■ TASK STATEMENT:
Return an exact copy of the entries, skipping any picture you find.

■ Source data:

---*---

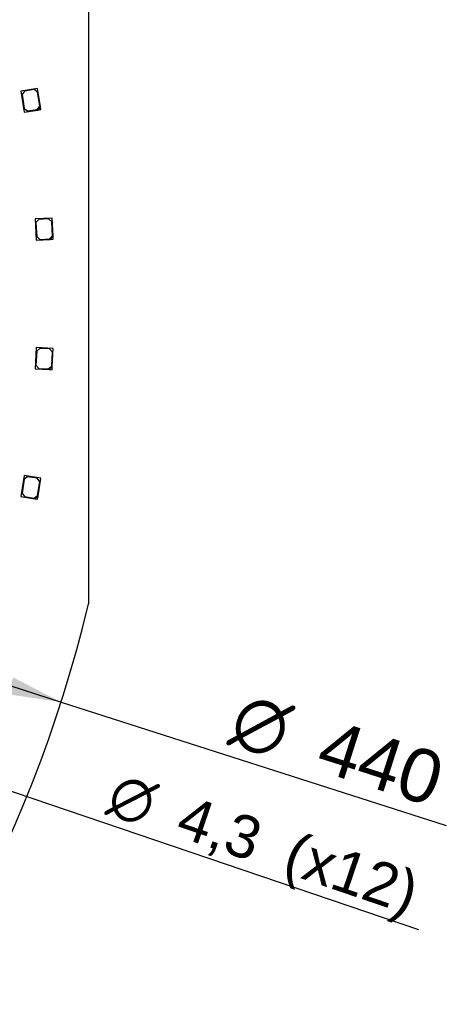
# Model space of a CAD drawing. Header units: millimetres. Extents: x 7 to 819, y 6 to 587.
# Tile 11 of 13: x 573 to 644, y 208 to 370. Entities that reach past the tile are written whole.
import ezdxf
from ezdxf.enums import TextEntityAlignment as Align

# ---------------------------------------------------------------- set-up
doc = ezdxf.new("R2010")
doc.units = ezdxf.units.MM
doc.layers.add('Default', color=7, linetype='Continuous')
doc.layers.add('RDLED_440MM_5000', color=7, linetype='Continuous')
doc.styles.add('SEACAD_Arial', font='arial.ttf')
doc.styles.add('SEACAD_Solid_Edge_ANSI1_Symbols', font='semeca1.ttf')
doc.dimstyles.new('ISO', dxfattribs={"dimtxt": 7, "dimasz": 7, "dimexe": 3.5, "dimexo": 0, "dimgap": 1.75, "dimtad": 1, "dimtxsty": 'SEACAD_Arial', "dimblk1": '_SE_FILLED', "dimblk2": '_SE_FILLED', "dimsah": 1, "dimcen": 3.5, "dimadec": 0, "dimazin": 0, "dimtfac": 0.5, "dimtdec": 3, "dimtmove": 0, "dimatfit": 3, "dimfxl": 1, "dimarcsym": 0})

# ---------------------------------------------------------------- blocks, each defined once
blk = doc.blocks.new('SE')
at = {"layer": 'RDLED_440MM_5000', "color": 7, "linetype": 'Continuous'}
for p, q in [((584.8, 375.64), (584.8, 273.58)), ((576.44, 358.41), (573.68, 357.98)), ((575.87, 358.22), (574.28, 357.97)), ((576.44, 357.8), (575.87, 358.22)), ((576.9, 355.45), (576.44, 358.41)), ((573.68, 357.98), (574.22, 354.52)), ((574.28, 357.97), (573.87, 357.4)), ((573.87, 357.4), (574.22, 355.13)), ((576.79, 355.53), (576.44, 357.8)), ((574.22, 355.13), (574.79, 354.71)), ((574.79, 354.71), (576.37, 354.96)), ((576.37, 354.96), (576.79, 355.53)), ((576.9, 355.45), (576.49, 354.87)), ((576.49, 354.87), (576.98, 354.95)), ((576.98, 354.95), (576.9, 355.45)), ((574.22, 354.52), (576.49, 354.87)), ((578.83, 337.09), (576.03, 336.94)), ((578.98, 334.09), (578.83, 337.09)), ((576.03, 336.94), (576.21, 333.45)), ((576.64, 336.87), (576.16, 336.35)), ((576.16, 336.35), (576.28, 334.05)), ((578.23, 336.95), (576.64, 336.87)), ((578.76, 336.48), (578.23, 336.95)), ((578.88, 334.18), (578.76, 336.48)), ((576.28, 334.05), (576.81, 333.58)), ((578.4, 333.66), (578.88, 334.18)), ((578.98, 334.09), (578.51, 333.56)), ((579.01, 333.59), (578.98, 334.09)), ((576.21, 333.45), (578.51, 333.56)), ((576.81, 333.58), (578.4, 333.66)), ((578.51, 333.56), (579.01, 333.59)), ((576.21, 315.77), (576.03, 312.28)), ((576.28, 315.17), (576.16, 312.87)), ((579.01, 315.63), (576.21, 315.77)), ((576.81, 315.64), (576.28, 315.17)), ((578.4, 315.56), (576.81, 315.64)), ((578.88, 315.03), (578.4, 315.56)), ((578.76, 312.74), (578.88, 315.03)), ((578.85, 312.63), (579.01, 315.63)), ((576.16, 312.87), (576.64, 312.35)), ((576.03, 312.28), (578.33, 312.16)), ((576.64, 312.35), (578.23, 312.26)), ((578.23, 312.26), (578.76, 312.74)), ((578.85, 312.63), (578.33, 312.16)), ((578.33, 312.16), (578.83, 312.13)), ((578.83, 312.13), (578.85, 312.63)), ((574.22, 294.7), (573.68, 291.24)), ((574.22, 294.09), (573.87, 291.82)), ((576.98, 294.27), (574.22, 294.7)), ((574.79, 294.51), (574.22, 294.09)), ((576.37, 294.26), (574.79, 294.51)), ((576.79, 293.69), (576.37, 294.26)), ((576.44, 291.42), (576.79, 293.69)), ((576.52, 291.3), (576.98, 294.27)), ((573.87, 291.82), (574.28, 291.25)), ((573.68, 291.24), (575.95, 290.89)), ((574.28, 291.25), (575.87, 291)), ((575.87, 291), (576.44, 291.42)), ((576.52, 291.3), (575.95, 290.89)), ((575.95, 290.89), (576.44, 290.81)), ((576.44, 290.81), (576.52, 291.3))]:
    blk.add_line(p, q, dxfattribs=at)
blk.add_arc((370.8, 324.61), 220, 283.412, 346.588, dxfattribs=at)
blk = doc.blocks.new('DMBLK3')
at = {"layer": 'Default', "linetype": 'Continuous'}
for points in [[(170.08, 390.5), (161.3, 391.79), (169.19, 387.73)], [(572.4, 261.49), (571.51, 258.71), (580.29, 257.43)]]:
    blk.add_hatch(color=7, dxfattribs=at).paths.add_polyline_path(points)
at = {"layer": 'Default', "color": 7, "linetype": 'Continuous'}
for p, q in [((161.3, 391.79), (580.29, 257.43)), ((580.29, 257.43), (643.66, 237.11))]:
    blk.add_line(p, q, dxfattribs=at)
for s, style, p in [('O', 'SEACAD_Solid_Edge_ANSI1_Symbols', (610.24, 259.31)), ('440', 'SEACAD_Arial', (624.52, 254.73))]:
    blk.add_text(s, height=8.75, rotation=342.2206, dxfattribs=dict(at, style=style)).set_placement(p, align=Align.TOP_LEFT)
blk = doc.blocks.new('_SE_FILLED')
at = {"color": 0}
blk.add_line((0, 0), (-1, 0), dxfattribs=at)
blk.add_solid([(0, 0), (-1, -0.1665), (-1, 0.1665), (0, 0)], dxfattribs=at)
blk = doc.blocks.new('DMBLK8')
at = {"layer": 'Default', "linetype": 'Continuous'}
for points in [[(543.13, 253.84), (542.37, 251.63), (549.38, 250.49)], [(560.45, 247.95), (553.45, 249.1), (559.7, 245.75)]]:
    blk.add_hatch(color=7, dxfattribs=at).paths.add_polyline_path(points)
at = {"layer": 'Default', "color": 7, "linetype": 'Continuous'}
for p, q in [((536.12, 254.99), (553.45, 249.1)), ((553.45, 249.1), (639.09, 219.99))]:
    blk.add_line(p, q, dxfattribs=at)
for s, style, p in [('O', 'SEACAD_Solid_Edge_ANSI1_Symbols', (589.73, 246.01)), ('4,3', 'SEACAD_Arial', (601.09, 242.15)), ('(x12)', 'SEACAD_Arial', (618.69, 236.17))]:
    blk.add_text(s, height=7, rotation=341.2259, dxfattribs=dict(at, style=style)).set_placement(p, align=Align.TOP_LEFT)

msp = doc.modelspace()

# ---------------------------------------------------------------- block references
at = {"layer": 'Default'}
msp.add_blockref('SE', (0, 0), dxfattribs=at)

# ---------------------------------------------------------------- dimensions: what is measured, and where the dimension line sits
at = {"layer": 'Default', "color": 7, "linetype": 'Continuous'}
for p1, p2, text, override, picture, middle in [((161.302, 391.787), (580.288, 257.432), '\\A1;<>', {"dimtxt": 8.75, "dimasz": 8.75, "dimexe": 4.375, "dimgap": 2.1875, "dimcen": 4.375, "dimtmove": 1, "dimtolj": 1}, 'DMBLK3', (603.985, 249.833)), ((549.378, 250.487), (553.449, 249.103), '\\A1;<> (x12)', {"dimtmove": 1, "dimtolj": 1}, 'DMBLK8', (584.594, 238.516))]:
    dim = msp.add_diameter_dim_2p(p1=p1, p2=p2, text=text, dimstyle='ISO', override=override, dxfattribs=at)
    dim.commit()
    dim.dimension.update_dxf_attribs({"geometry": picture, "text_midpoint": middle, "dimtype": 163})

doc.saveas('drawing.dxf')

---*---

■ RESPONSE TO THIS TASK:
# Model space of a CAD drawing. Header units: millimetres. Extents: x 7 to 819, y 6 to 587.
# Tile 11 of 13: x 573 to 644, y 208 to 370. Entities that reach past the tile are written whole.
import ezdxf
from ezdxf.enums import TextEntityAlignment as Align

# ---------------------------------------------------------------- set-up
doc = ezdxf.new("R2010")
doc.units = ezdxf.units.MM
doc.layers.add('Default', color=7, linetype='Continuous')
doc.layers.add('RDLED_440MM_5000', color=7, linetype='Continuous')
doc.styles.add('SEACAD_Arial', font='arial.ttf')
doc.styles.add('SEACAD_Solid_Edge_ANSI1_Symbols', font='semeca1.ttf')
doc.dimstyles.new('ISO', dxfattribs={"dimtxt": 7, "dimasz": 7, "dimexe": 3.5, "dimexo": 0, "dimgap": 1.75, "dimtad": 1, "dimtxsty": 'SEACAD_Arial', "dimblk1": '_SE_FILLED', "dimblk2": '_SE_FILLED', "dimsah": 1, "dimcen": 3.5, "dimadec": 0, "dimazin": 0, "dimtfac": 0.5, "dimtdec": 3, "dimtmove": 0, "dimatfit": 3, "dimfxl": 1, "dimarcsym": 0})

# ---------------------------------------------------------------- blocks, each defined once
blk = doc.blocks.new('SE')
at = {"layer": 'RDLED_440MM_5000', "color": 7, "linetype": 'Continuous'}
for p, q in [((584.8, 375.64), (584.8, 273.58)), ((576.44, 358.41), (573.68, 357.98)), ((575.87, 358.22), (574.28, 357.97)), ((576.44, 357.8), (575.87, 358.22)), ((576.9, 355.45), (576.44, 358.41)), ((573.68, 357.98), (574.22, 354.52)), ((574.28, 357.97), (573.87, 357.4)), ((573.87, 357.4), (574.22, 355.13)), ((576.79, 355.53), (576.44, 357.8)), ((574.22, 355.13), (574.79, 354.71)), ((574.79, 354.71), (576.37, 354.96)), ((576.37, 354.96), (576.79, 355.53)), ((576.9, 355.45), (576.49, 354.87)), ((576.49, 354.87), (576.98, 354.95)), ((576.98, 354.95), (576.9, 355.45)), ((574.22, 354.52), (576.49, 354.87)), ((578.83, 337.09), (576.03, 336.94)), ((578.98, 334.09), (578.83, 337.09)), ((576.03, 336.94), (576.21, 333.45)), ((576.64, 336.87), (576.16, 336.35)), ((576.16, 336.35), (576.28, 334.05)), ((578.23, 336.95), (576.64, 336.87)), ((578.76, 336.48), (578.23, 336.95)), ((578.88, 334.18), (578.76, 336.48)), ((576.28, 334.05), (576.81, 333.58)), ((578.4, 333.66), (578.88, 334.18)), ((578.98, 334.09), (578.51, 333.56)), ((579.01, 333.59), (578.98, 334.09)), ((576.21, 333.45), (578.51, 333.56)), ((576.81, 333.58), (578.4, 333.66)), ((578.51, 333.56), (579.01, 333.59)), ((576.21, 315.77), (576.03, 312.28)), ((576.28, 315.17), (576.16, 312.87)), ((579.01, 315.63), (576.21, 315.77)), ((576.81, 315.64), (576.28, 315.17)), ((578.4, 315.56), (576.81, 315.64)), ((578.88, 315.03), (578.4, 315.56)), ((578.76, 312.74), (578.88, 315.03)), ((578.85, 312.63), (579.01, 315.63)), ((576.16, 312.87), (576.64, 312.35)), ((576.03, 312.28), (578.33, 312.16)), ((576.64, 312.35), (578.23, 312.26)), ((578.23, 312.26), (578.76, 312.74)), ((578.85, 312.63), (578.33, 312.16)), ((578.33, 312.16), (578.83, 312.13)), ((578.83, 312.13), (578.85, 312.63)), ((574.22, 294.7), (573.68, 291.24)), ((574.22, 294.09), (573.87, 291.82)), ((576.98, 294.27), (574.22, 294.7)), ((574.79, 294.51), (574.22, 294.09)), ((576.37, 294.26), (574.79, 294.51)), ((576.79, 293.69), (576.37, 294.26)), ((576.44, 291.42), (576.79, 293.69)), ((576.52, 291.3), (576.98, 294.27)), ((573.87, 291.82), (574.28, 291.25)), ((573.68, 291.24), (575.95, 290.89)), ((574.28, 291.25), (575.87, 291)), ((575.87, 291), (576.44, 291.42)), ((576.52, 291.3), (575.95, 290.89)), ((575.95, 290.89), (576.44, 290.81)), ((576.44, 290.81), (576.52, 291.3))]:
    blk.add_line(p, q, dxfattribs=at)
blk.add_arc((370.8, 324.61), 220, 283.412, 346.588, dxfattribs=at)
blk = doc.blocks.new('DMBLK3')
at = {"layer": 'Default', "linetype": 'Continuous'}
for points in [[(170.08, 390.5), (161.3, 391.79), (169.19, 387.73)], [(572.4, 261.49), (571.51, 258.71), (580.29, 257.43)]]:
    blk.add_hatch(color=7, dxfattribs=at).paths.add_polyline_path(points)
at = {"layer": 'Default', "color": 7, "linetype": 'Continuous'}
for p, q in [((161.3, 391.79), (580.29, 257.43)), ((580.29, 257.43), (643.66, 237.11))]:
    blk.add_line(p, q, dxfattribs=at)
for s, style, p in [('O', 'SEACAD_Solid_Edge_ANSI1_Symbols', (610.24, 259.31)), ('440', 'SEACAD_Arial', (624.52, 254.73))]:
    blk.add_text(s, height=8.75, rotation=342.2206, dxfattribs=dict(at, style=style)).set_placement(p, align=Align.TOP_LEFT)
blk = doc.blocks.new('_SE_FILLED')
at = {"color": 0}
blk.add_line((0, 0), (-1, 0), dxfattribs=at)
blk.add_solid([(0, 0), (-1, -0.1665), (-1, 0.1665), (0, 0)], dxfattribs=at)
blk = doc.blocks.new('DMBLK8')
at = {"layer": 'Default', "linetype": 'Continuous'}
for points in [[(543.13, 253.84), (542.37, 251.63), (549.38, 250.49)], [(560.45, 247.95), (553.45, 249.1), (559.7, 245.75)]]:
    blk.add_hatch(color=7, dxfattribs=at).paths.add_polyline_path(points)
at = {"layer": 'Default', "color": 7, "linetype": 'Continuous'}
for p, q in [((536.12, 254.99), (553.45, 249.1)), ((553.45, 249.1), (639.09, 219.99))]:
    blk.add_line(p, q, dxfattribs=at)
for s, style, p in [('O', 'SEACAD_Solid_Edge_ANSI1_Symbols', (589.73, 246.01)), ('4,3', 'SEACAD_Arial', (601.09, 242.15)), ('(x12)', 'SEACAD_Arial', (618.69, 236.17))]:
    blk.add_text(s, height=7, rotation=341.2259, dxfattribs=dict(at, style=style)).set_placement(p, align=Align.TOP_LEFT)

msp = doc.modelspace()

# ---------------------------------------------------------------- block references
at = {"layer": 'Default'}
msp.add_blockref('SE', (0, 0), dxfattribs=at)

# ---------------------------------------------------------------- dimensions: what is measured, and where the dimension line sits
at = {"layer": 'Default', "color": 7, "linetype": 'Continuous'}
for p1, p2, text, override, picture, middle in [((161.302, 391.787), (580.288, 257.432), '\\A1;<>', {"dimtxt": 8.75, "dimasz": 8.75, "dimexe": 4.375, "dimgap": 2.1875, "dimcen": 4.375, "dimtmove": 1, "dimtolj": 1}, 'DMBLK3', (603.985, 249.833)), ((549.378, 250.487), (553.449, 249.103), '\\A1;<> (x12)', {"dimtmove": 1, "dimtolj": 1}, 'DMBLK8', (584.594, 238.516))]:
    dim = msp.add_diameter_dim_2p(p1=p1, p2=p2, text=text, dimstyle='ISO', override=override, dxfattribs=at)
    dim.commit()
    dim.dimension.update_dxf_attribs({"geometry": picture, "text_midpoint": middle, "dimtype": 163})

doc.saveas('drawing.dxf')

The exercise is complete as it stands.